Well anyway...for SVG loaded into Canvas; it pretty much has been determined that "Firefox's Gecko rendering engine converts the SVG to a bitmap immediately, whereas Webkit keeps it as SVG and renders it directly when needed".
--- In [email protected], <[email protected]> wrote:
Hi Robert,
For some reason your post does show...Yahoo Groups seems to have a few bugs these days.
Could you please re post.
Thanks
Francis
--- In [email protected], <[email protected]> wrote:
Canvas is a raster format though, once you've drawn onto it, all you have is pixels. If you have fuzziness perhaps it's because you're not matching the SVG object locations with pixels. Try adding 0.5 to the x and y co-ordinates of the SVG graphics.--- In [email protected], <fhemsher@...> wrote:
I updated to FF 24. The fuzziness I alluded to was when I imported an SVG image into Canvas.

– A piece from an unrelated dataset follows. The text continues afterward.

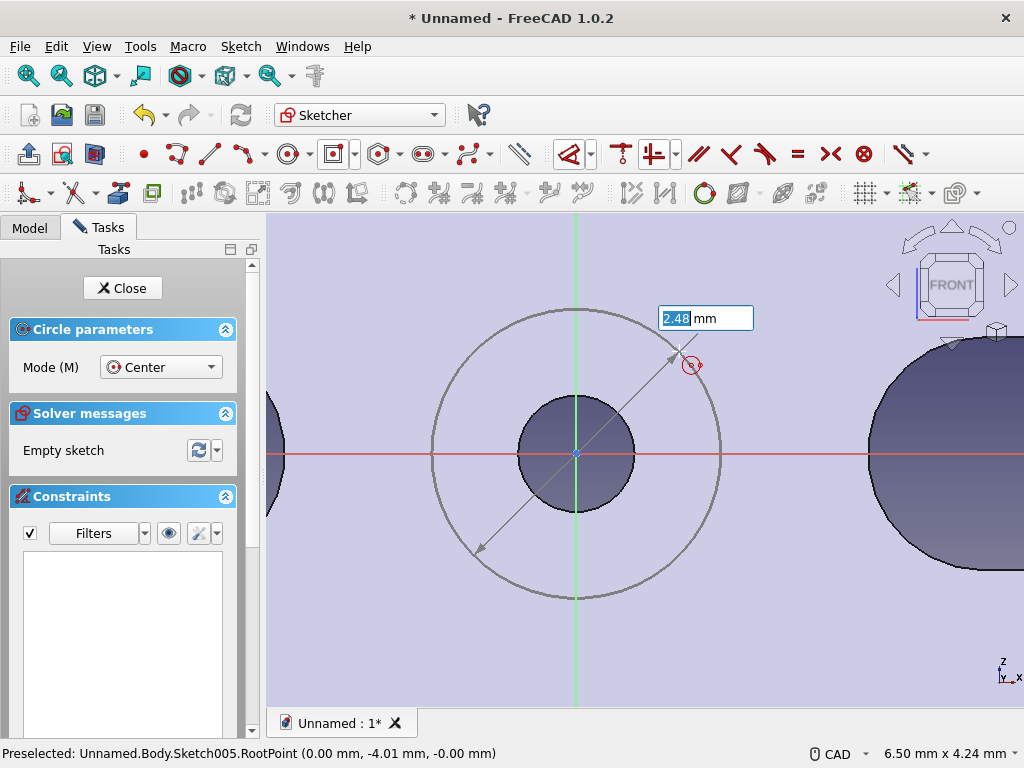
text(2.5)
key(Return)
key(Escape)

Both IE and Chrome show the SVG without any 'fuzziness'. FF still does not render SVG as a scalable image, but seems to convert it to a rather poor quality raster image, thereby causing fuzziness.
Francis
--- In [email protected], <[email protected]> wrote:
All fuzziness is fixed in Firefox 24 which was released earlier today.
Robert.
--- In [email protected], <[email protected]> wrote:
Nah, FF does not replicate SVG very well in canvas(it's fuzzy)...I guess I'll have to tell my app viewers not to use FF. So, my final determination is that Firefox is NOT the browser to use for dynamic SVG applications.
--- In [email protected], <[email protected]> wrote:
It seems the only way for me to get responsive SVG mouseWhees zoom with FF, is to place it into a canvas during the zoom. My mouseWheel zoom for IE & Charome uses D3's behavior. zoom..

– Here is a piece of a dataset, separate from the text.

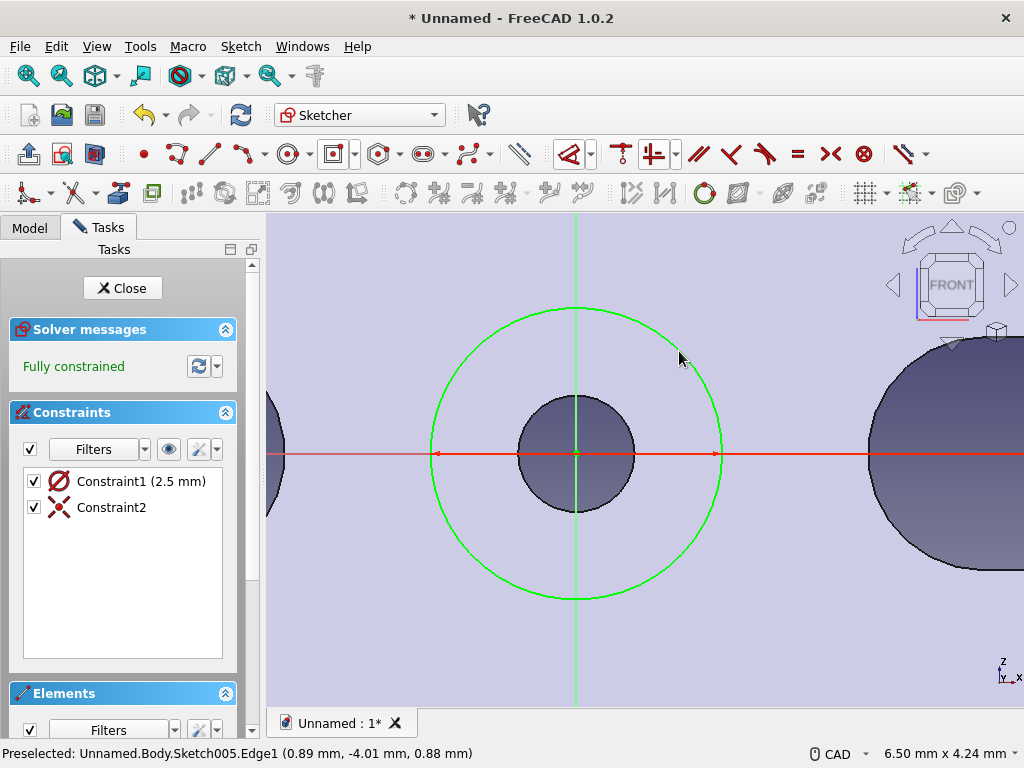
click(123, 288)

--- In [email protected], <[email protected]> wrote:
Its sooo frustrating for me to see my SVG rendering as clunky as it is in the FF browser. In Chrome and IE it's smooth and gives the user a good experience.
The mouseWheel is becoming the user's default expectation to zoom into an image. Since zooming into SVG imagery is its major feature( i.e. Scalable), a browser that does not provide this ability is not fully supporting the needs of SVG.
--- In [email protected], <[email protected]> wrote:
IE10 won't render a lot of things (e.g., SMIL tags). I work with SVG
constantly across browsers, and I find FF does better than the other
browsers on the feature side of things, but FF renders slower. Chrome
and IE10 render fast, but often have holes in the implementation. To
their credit, they patch the holes rather quickly most of the time.